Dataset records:
::::

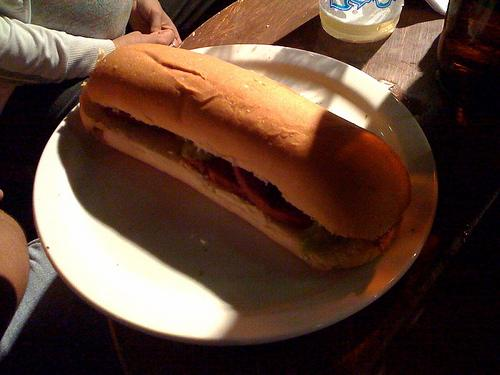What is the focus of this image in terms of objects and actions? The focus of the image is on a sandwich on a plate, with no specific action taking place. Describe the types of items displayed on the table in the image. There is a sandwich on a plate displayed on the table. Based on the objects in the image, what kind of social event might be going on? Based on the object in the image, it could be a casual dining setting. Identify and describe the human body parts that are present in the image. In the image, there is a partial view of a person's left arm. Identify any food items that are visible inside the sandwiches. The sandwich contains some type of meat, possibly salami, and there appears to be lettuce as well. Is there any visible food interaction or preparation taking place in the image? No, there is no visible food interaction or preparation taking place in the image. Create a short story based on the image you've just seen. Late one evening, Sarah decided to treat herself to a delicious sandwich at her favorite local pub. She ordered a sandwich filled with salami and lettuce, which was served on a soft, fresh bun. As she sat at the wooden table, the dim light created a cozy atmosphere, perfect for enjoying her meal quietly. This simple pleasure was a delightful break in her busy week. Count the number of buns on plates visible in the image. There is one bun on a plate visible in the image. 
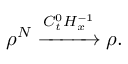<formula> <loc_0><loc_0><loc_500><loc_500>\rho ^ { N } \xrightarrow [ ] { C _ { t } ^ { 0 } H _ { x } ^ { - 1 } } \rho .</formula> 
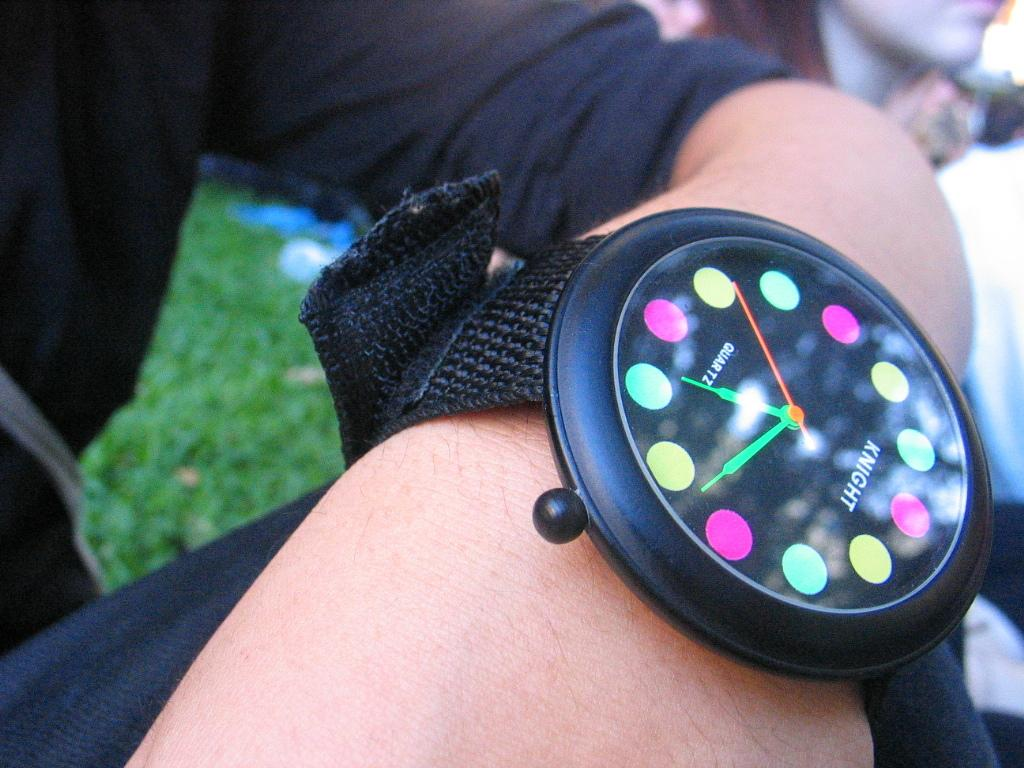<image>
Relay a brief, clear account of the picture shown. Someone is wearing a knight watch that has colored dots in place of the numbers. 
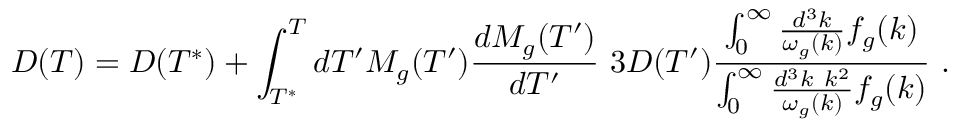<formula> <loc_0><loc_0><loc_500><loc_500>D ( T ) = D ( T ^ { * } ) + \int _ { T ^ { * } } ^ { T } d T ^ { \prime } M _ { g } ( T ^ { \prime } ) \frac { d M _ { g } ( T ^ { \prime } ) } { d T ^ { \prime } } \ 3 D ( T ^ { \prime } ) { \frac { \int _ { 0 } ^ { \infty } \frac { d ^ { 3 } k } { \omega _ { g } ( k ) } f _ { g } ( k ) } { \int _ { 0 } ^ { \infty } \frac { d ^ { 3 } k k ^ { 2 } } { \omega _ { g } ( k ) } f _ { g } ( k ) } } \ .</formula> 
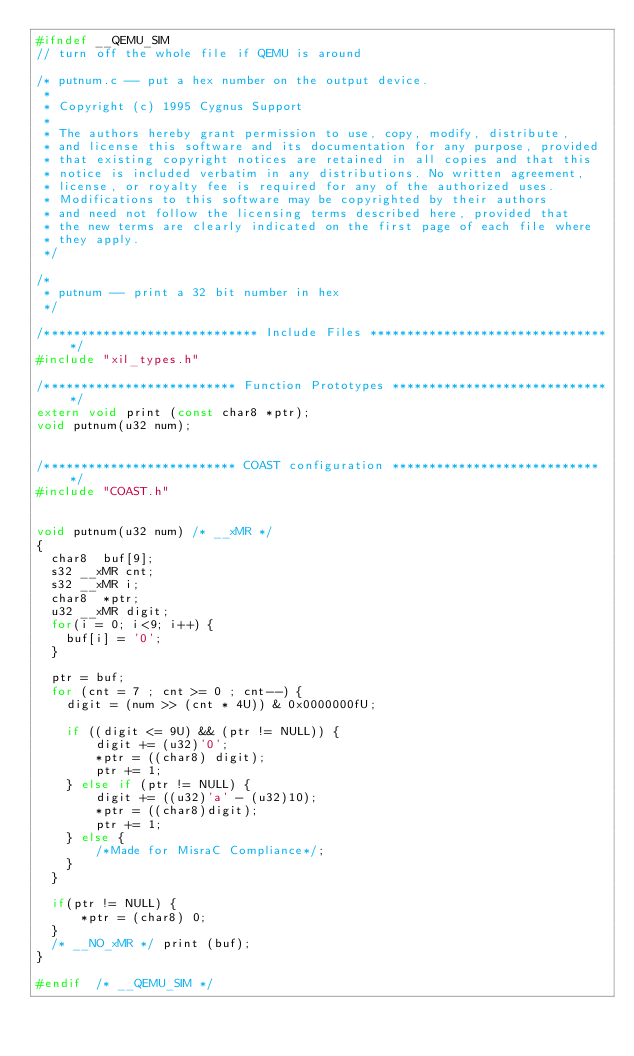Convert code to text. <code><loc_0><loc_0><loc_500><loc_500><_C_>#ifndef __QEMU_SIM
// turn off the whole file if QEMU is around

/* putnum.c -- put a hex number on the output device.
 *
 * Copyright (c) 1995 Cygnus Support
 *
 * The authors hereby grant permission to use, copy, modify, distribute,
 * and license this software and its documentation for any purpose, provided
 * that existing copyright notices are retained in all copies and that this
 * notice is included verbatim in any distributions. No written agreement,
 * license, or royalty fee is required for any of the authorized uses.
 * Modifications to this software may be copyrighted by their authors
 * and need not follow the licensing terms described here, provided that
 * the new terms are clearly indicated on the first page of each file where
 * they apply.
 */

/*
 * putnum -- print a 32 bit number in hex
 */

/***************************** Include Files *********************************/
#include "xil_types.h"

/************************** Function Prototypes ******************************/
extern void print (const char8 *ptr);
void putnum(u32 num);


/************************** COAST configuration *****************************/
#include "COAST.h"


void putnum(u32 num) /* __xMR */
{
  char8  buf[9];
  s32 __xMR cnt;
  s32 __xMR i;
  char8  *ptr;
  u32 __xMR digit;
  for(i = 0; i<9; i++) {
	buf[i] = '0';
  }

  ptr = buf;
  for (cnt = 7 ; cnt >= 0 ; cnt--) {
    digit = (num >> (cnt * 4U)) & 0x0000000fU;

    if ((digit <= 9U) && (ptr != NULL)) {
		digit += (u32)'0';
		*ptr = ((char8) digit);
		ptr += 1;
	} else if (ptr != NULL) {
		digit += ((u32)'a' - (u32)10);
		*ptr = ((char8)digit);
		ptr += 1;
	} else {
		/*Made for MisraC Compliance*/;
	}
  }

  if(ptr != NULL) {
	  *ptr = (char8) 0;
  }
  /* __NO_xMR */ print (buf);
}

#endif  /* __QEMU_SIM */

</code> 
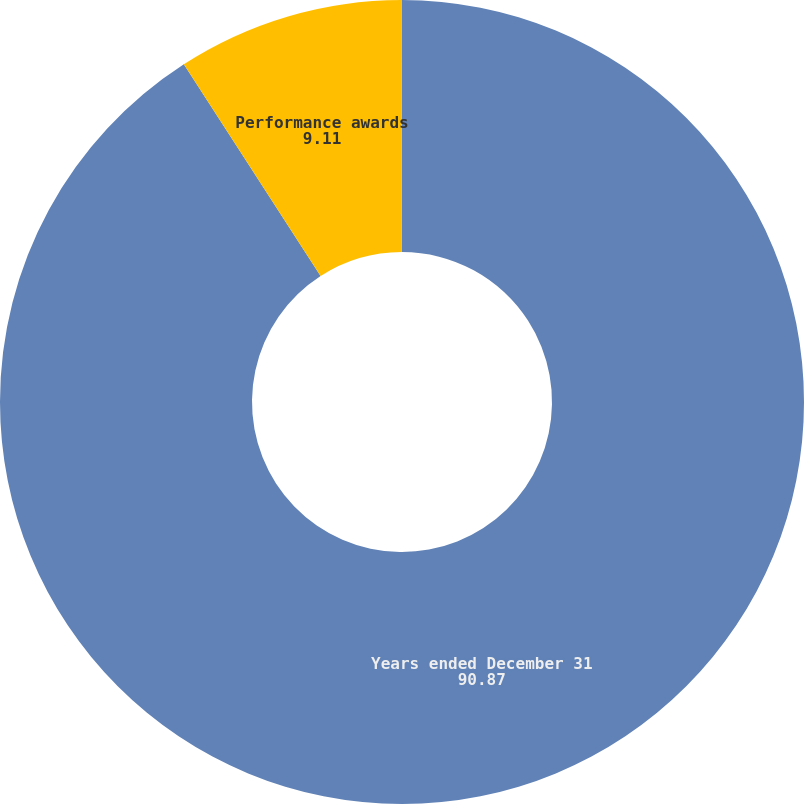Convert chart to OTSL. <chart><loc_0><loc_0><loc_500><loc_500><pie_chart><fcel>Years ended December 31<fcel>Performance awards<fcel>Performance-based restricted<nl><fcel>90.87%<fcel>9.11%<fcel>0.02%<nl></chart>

::::

(INSTRUCTIONS TO FOLLOW): Search the records for the string "putnum" and, wherever a line contains it, please copy that line.

(OUTPUT OF THE TASK):
/* putnum.c -- put a hex number on the output device.
 * putnum -- print a 32 bit number in hex
void putnum(u32 num);
void putnum(u32 num) /* __xMR */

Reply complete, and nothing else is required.